Overall, PaliGemma’s flexibility makes it a powerful tool for any task requiring a deep understanding of images and text.


Inference with PaliGemma

Enough talk. Let us look at how we can use Hugging Face Transformers, to do inference with the model.


Setup and Imports

!pip install -q -U transformers

First, we install the transformers library from Hugging Face, which allows us to use pre-trained models for inference easily.

import torch
import requests
from PIL import Image
from transformers import AutoProcessor, PaliGemmaForConditionalGeneration

We import the necessary libraries.

  • We import torch to provide support for tensor computation.
  • We import requests to send HTTP requests for downloading images from the internet.
  • We import Image from PIL to open, manipulate, and process images.
  • From the transformers library, we import AutoProcessor and PaliGemmaForConditionalGeneration to work with the PaliGemma model.
pretrained_model_id = "google/paligemma-3b-pt-224"
processor = AutoProcessor.from_pretrained(pretrained_model_id)
pretrained_model = PaliGemmaForConditionalGeneration.from_pretrained(pretrained_model_id)
  • We define a string variable pretrained_model_id with the identifier for the specific PaliGemma pre-trained model (3B parameters, 224px resolution) from the Hugging Face Model Hub.
  • We load the pre-trained processor associated with the specified pretrained_model_id. It is responsible for pre-processing input data (e.g., tokenizing text or resizing images) and post-processing the model’s outputs (e.g., decoding).
  • We load the pre-trained PaliGemma model associated with the specified pretrained_model_id. It is responsible for generating text outputs based on the inputs (image + text) provided.

Run Inference

prompt = "What is behind the cat?"
image_file = "https://huggingface.co/datasets/huggingface/documentation-images/resolve/main/cat.png?download=true"
raw_image = Image.open(requests.get(image_file, stream=True).raw)
inputs = processor(raw_image.convert("RGB"), prompt, return_tensors="pt")
output = pretrained_model.generate(**inputs, max_new_tokens=20)
print(processor.decode(output[0], skip_special_tokens=True)[len(prompt):])
  • We define the prompt as a text input.
  • We assign the URL of an image to the variable image_file. The image is hosted on the Hugging Face dataset repository.
  • We download the image from the URL using the request library and open it using the PIL library (Image.open()). stream=True ensures that the file is streamed in memory rather than downloaded fully before opening.
  • We process the image (raw_image) and the text prompt (prompt) using the AutoProcessor. We convert the image to RGB format and prepare the inputs for the model. return_tensors="pt" returns the processed data as PyTorch tensors to be compatible with the pre-trained model.
  • We generate the model’s output based on the processed inputs, with a maximum of 20 new tokens in the response. It tries to answer the prompt using the image and text as inputs.
  • We decode the generated output from the model using processor.decode, converting the tokenized output back into human-readable text. skip_special_tokens=True removes any special tokens that the model might have generated (e.g., start/end tokens). [len(prompt):] slices the response to exclude the prompt itself, printing only the generated answer.

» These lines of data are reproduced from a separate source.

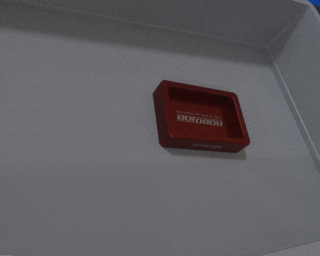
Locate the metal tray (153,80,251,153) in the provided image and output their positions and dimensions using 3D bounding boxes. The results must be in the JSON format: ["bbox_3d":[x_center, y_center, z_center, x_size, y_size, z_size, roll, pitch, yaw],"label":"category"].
[{"bbox_3d":[0.059,-0.015,0.442,0.131,0.030,0.090,6,59,-25],"label":"metal tray"}]
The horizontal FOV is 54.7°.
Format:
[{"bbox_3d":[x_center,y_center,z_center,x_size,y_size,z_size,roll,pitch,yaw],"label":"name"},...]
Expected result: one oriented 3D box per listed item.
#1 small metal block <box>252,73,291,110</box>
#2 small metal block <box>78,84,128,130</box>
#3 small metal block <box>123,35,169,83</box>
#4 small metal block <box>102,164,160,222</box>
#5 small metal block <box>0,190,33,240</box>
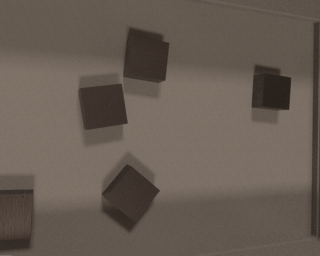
[{"bbox_3d":[0.171,-0.054,0.476,0.050,0.025,0.050,5,89,-20],"label":"small metal block"},{"bbox_3d":[-0.071,-0.026,0.385,0.050,0.025,0.050,-10,94,-20],"label":"small metal block"},{"bbox_3d":[-0.018,-0.089,0.405,0.050,0.025,0.050,7,88,-20],"label":"small metal block"},{"bbox_3d":[-0.037,0.083,0.398,0.050,0.025,0.050,43,76,-15],"label":"small metal block"},{"bbox_3d":[-0.171,0.097,0.348,0.050,0.025,0.050,3,89,-20],"label":"small metal block"}]
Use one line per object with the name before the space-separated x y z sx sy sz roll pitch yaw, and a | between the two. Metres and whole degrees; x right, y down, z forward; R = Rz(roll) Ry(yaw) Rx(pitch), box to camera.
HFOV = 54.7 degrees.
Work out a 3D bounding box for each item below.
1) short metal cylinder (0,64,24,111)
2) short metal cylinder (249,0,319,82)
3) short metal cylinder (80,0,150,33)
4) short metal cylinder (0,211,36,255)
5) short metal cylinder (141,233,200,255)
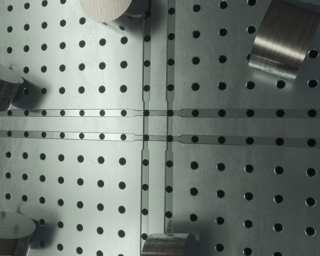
short metal cylinder | -0.261 -0.068 0.475 0.080 0.080 0.050 35 102 16
short metal cylinder | 0.136 -0.096 0.335 0.050 0.080 0.080 24 98 18
short metal cylinder | -0.061 -0.176 0.421 0.080 0.050 0.079 0 90 20
short metal cylinder | -0.236 0.168 0.467 0.080 0.080 0.050 20 97 19
short metal cylinder | 0.015 0.171 0.378 0.050 0.080 0.080 -7 88 20

In Figure 3, you can see the image and the generated output.

Figure 3: Inference result using pre-trained model (source: image by the author).

The generated answer is not accurate. Now, we will show the steps to fine-tune the model for improved results.


Fine-Tuning PaliGemma on a Custom Dataset

Fine-tuning involves adapting a pre-trained model to a specific task or dataset by training it further on new data. This allows the model to specialize and improve performance on domain-specific tasks.

In our case, we fine-tune the PaliGemma model on a custom visual question answering dataset, vqav2-small, a small subset of the VQA v2.0 dataset hosted by Merve on Hugging Face.

The vqav2_small dataset (shown in Figure 4) consists of 21.4k examples with three features: image, question, and multiple_choice_answer. The model is trained using a combination of the image and question as input, while the multiple_choice_answer serves as the label for fine-tuning.

Figure 4: Dataset Viewer (source: image from the Hugging Face dataset card).

Setup and Imports

!pip install -q -U transformers datasets peft bitsandbytes

We install the following libraries:

  • transformers: for using pre-trained models.
  • datasets: to load and process datasets.
  • peft: to fine-tune large models with fewer parameters efficiently.
  • bitsandbytes: to optimize the training of large models through quantization.
from huggingface_hub import notebook_login
notebook_login()

This allows us to log in to our Hugging Face account.

  • We import the notebook_login function from the huggingface_hub library, which authenticates our Hugging Face account in a notebook environment.
  • We run notebook_login, which prompts us to enter a Hugging Face API token to log in to access Hugging Face models and datasets.
import torch
import requests
from PIL import Image
from datasets import load_dataset
from peft import get_peft_model, LoraConfig
from transformers import Trainer
from transformers import TrainingArguments
from transformers import PaliGemmaProcessor
from transformers import BitsAndBytesConfig
from transformers import AutoProcessor, PaliGemmaForConditionalGeneration

We import several essential libraries to facilitate our tasks.

First, we import a torch library for tensor computation support. Next, requests allows us to send HTTP requests for downloading images from the internet, while PIL is utilized to open, manipulate, and process these images.

The load_dataset function from the datasets library enables us to load datasets for training and evaluation.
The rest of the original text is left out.